If JB were a BH, as opposed to a BW, I could be more forthright and rigorous with her.

- I could tell her to screw her courage in place and ignore any "retaliation" from OW, as what would be happening would not be "defamation", but "confirmation" of OW's character.

- I would point out that OW will fulminate, but the LAST thing she would want would be having to testify under oath about her affair with JB's WH.

- I would point out that exposure will include OW's BH, so that would be all the discussion needed.

But I can do none of this because inevitably it comes across as NG bullying a hurting BW. Would one of the female colleagues here please take the lead? Thanx!

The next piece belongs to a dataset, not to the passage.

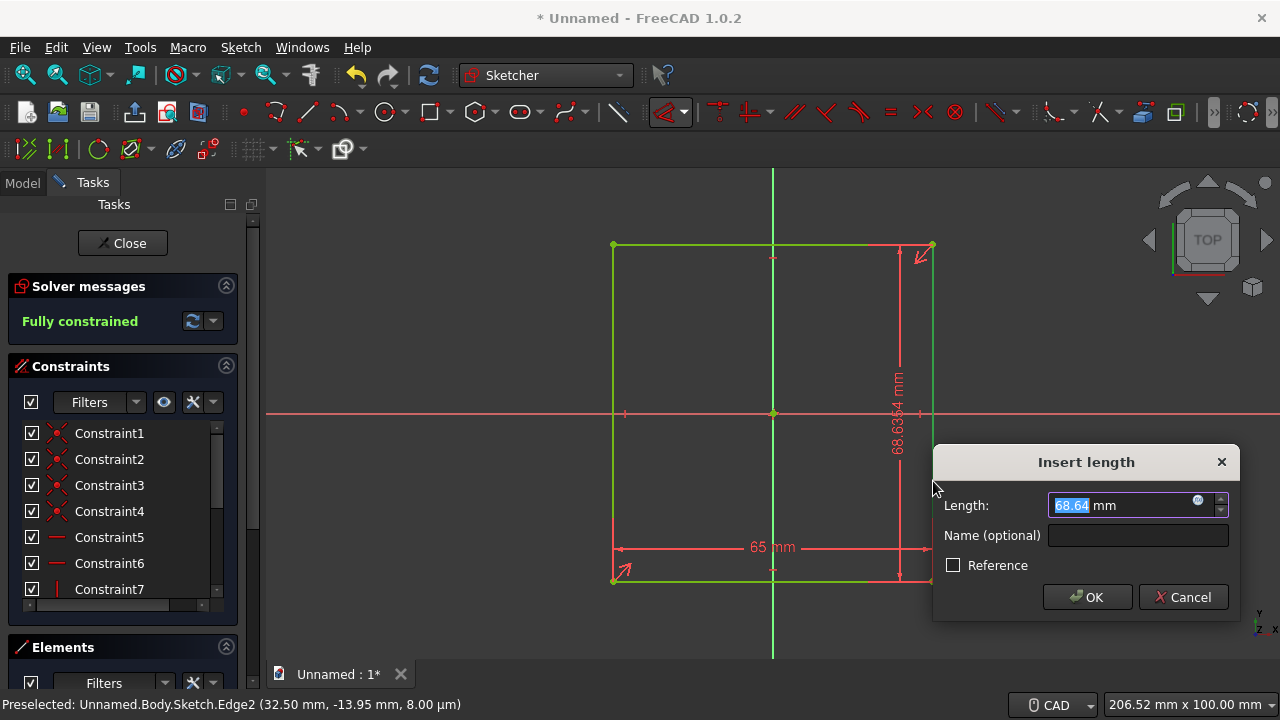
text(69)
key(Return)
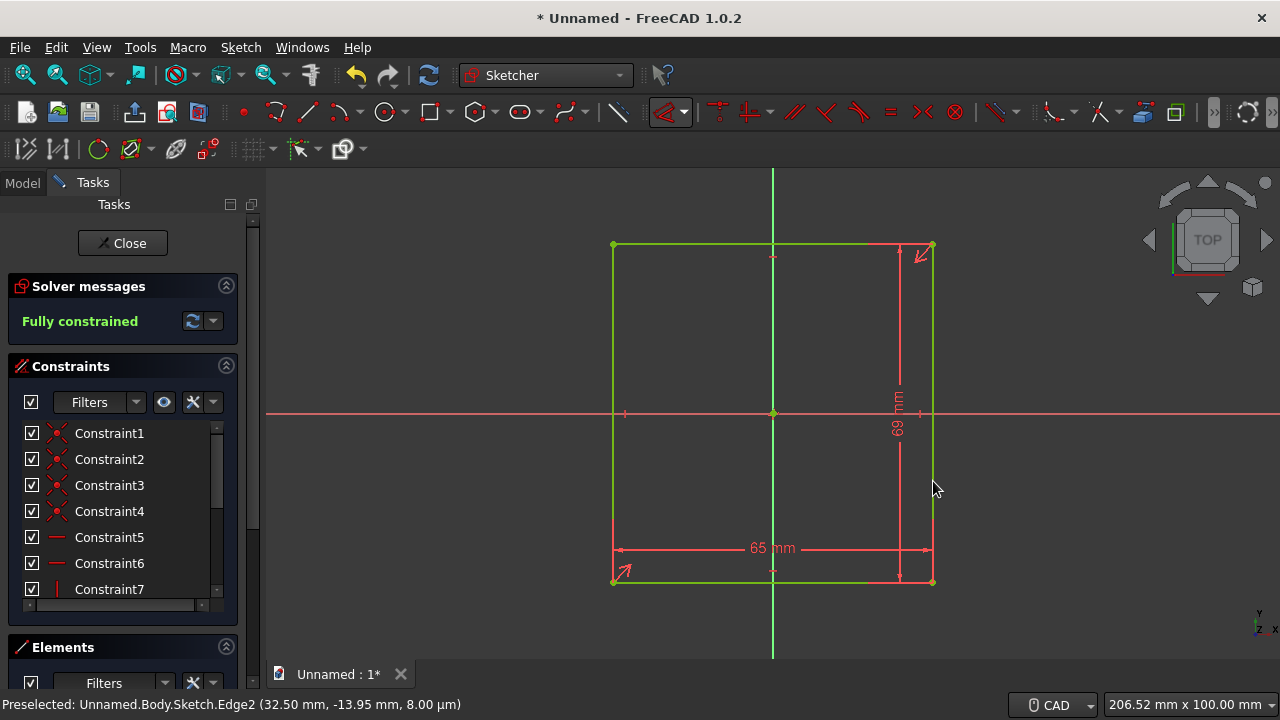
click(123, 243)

here ya go, NG. i totally agree! what OW thinks/feels/believes doesn't matter. and how she responds is only of help to you! do not worry about fallout from exposure - it is what you WANT.

OP, you need to reestablish NC, first and foremost, so we can get you into a solid plan for your M. have you already sent the FB exposure letter you posted? if not, we may have some suggestions for it. if so, that's ok. i hope you are able to reach OWH.

ps: defamation of character requires you to be LYING about her. i'd say "go ahead and sue me." she'd be laughed out of court. sample testimony:

judge: you say that BW has defamed you. how has she done so?

OW: she told people that i had an affair with her husband and was still contacting him.

judge: did you have an affair with her H? you are under oath.

OW: well, i only slept with him x times. that's not really an *affair.*

judge: did you contact him after he (had NC)?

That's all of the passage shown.